Dataset items:
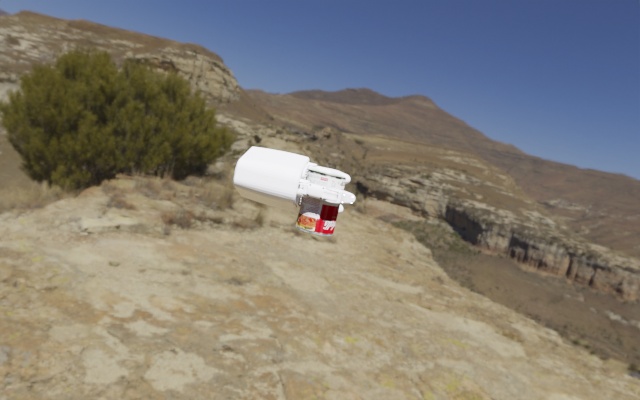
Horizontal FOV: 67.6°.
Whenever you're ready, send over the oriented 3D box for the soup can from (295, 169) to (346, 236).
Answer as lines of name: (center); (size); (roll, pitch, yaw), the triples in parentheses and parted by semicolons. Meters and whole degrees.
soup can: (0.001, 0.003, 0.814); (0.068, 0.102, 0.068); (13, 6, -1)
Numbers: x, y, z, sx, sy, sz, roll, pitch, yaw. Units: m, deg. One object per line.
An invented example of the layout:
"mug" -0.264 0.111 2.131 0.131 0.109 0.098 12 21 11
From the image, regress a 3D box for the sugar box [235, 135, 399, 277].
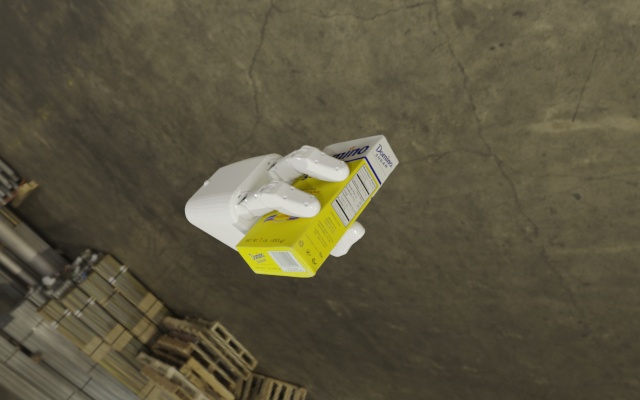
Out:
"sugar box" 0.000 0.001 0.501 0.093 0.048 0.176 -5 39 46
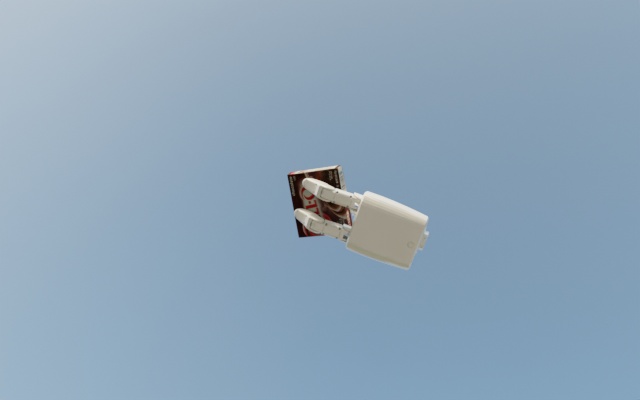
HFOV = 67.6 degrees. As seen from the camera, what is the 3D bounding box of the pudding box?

* * *

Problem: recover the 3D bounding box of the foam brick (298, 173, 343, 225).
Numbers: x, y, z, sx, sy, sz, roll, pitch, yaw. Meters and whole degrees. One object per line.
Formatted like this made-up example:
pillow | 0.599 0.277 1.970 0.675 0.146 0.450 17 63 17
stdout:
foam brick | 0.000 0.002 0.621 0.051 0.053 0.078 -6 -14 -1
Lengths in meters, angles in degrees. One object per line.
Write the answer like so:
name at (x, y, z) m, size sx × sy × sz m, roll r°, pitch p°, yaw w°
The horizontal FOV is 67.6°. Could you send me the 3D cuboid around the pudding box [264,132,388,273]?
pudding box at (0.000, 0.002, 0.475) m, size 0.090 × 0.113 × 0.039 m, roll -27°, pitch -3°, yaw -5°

--

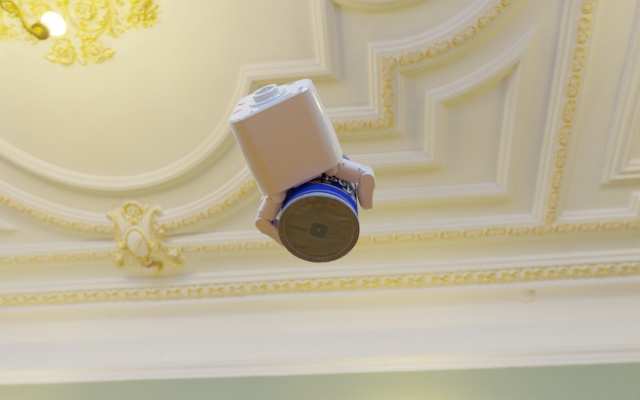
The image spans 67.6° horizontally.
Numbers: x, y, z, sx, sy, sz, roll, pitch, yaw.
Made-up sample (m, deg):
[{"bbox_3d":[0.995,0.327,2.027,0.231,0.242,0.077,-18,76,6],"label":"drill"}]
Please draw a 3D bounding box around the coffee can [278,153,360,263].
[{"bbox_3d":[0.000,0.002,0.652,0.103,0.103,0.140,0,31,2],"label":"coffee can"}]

#### DIRECTIONS:
How many lines in these records hold the string "like"? Reply with the number alone.

#### TASK SOLUTION:
2